In the first of a series on the great wines of Turkey and its ancient dominions, Kevin Gould visits Gallipoli. A land of heroes from Homeric times to the First World War, the peninsula has also for 3,000 years prided itself on its wines.
The story of Gallipoli is bound up in Turkish history and in the consciousness of Britain, New Zealand and Australia. It plays its part in the Greek myths. Gallipoli is where Xerxes crossed his army into Europe on a bridge of boats, and where Leander swam the Dardanelles to meet Hero in Sestos. It is also where, for nine months in 1915, a campaign was fought that claimed the lives of hundreds of thousands of brave young men, among them the flower of Turkish youth, the most promising Australians and the cream of the Kiwis, as well as countless young men from the British Isles and France.

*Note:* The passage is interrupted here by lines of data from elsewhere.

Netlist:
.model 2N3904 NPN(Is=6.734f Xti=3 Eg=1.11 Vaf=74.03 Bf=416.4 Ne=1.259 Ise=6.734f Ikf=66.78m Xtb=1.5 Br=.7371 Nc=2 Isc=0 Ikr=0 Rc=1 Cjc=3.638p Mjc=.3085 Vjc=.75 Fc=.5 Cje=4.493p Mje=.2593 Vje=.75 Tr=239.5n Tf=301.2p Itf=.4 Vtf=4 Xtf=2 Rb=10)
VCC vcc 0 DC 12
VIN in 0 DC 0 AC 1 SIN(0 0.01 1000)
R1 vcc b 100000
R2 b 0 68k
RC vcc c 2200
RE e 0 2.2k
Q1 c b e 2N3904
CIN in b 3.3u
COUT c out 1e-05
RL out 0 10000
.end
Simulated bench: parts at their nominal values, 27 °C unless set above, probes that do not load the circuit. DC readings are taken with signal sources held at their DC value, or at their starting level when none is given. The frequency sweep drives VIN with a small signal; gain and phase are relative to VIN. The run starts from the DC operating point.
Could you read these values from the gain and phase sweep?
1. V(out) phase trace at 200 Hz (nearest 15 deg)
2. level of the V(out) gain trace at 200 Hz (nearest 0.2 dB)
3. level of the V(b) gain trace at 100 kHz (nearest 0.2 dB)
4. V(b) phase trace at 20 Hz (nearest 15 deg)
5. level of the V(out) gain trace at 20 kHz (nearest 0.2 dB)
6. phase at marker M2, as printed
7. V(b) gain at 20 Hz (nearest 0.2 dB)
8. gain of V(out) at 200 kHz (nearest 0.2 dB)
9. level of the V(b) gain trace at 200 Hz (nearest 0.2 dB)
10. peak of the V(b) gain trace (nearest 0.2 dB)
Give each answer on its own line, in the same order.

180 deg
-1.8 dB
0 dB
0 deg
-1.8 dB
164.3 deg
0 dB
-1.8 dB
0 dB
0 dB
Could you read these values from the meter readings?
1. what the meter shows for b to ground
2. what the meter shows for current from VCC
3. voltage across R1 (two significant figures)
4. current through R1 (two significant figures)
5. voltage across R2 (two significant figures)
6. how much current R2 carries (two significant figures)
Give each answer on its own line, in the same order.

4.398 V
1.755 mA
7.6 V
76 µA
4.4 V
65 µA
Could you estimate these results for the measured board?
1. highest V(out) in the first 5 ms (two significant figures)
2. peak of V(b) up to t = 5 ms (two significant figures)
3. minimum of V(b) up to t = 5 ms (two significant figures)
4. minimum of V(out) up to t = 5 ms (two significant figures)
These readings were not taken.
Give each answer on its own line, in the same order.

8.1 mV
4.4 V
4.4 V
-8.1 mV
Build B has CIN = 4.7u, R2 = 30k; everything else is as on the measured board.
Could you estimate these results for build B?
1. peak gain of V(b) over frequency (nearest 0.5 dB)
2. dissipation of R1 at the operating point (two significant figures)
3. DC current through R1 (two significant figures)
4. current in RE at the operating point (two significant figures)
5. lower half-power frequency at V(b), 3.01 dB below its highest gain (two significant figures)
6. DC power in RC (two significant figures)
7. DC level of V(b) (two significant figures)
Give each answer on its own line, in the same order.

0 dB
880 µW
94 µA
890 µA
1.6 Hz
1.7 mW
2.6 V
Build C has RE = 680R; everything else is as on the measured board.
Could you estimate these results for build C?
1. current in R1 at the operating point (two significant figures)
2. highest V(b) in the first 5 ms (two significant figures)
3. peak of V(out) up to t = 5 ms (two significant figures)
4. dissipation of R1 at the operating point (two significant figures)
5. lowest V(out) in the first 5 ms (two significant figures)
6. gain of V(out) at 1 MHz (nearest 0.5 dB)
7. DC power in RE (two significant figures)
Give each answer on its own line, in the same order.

This finger of Turkey, now properly called Gelibolu, is defined by the Aegean on one side and the Dardanelles on the other - one European, the other Asian, yet it feels neither Christian nor Muslim.
At Kilitbahir, the Narrows bring Europe to within 700 metres of Çanakkale, which makes it perhaps the most tantalising stretch of water in the world; whoever commanded the Dardanelles held the key to Europe, Asia, Constantinople and the Black Sea. The geography of this spit makes Gelibolu an international land with a cosmopolitan history.

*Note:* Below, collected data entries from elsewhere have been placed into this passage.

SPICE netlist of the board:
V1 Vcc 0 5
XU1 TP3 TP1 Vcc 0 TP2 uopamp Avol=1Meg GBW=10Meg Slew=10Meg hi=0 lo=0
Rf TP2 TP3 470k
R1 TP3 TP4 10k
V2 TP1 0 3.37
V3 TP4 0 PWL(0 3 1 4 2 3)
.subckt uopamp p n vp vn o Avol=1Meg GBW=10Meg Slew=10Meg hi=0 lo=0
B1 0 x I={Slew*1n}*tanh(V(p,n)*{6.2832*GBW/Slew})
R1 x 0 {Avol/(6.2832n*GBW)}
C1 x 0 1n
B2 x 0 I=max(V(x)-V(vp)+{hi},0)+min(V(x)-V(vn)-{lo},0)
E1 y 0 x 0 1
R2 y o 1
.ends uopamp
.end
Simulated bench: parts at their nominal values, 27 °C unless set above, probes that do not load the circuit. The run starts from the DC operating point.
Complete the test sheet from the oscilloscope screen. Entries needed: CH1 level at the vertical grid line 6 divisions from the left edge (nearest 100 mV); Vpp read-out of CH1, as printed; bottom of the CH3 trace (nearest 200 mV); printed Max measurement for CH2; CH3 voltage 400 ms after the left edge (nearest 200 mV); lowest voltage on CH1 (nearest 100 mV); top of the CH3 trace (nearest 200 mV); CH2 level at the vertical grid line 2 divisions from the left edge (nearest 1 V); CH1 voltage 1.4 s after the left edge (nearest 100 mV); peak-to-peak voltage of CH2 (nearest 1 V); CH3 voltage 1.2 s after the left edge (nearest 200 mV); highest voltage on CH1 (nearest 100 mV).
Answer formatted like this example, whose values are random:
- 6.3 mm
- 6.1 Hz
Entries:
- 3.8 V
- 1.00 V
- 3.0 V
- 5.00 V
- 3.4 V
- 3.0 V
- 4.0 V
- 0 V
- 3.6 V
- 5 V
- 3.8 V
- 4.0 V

Homer portrayed these waters as a “wine-dark sea”. His allusion to the grape would have been easily understood by his contemporaries, for the area produced some of the greatest wines of the known world - Odysseus toasted Athena with splendid Callipolis wine at nearby Philadelphi, having won victory over the Thracians. Callipolis wine was drunk in Troy and in Marathon and, later, wherever the civilised cadres of the Ottoman Empire were posted.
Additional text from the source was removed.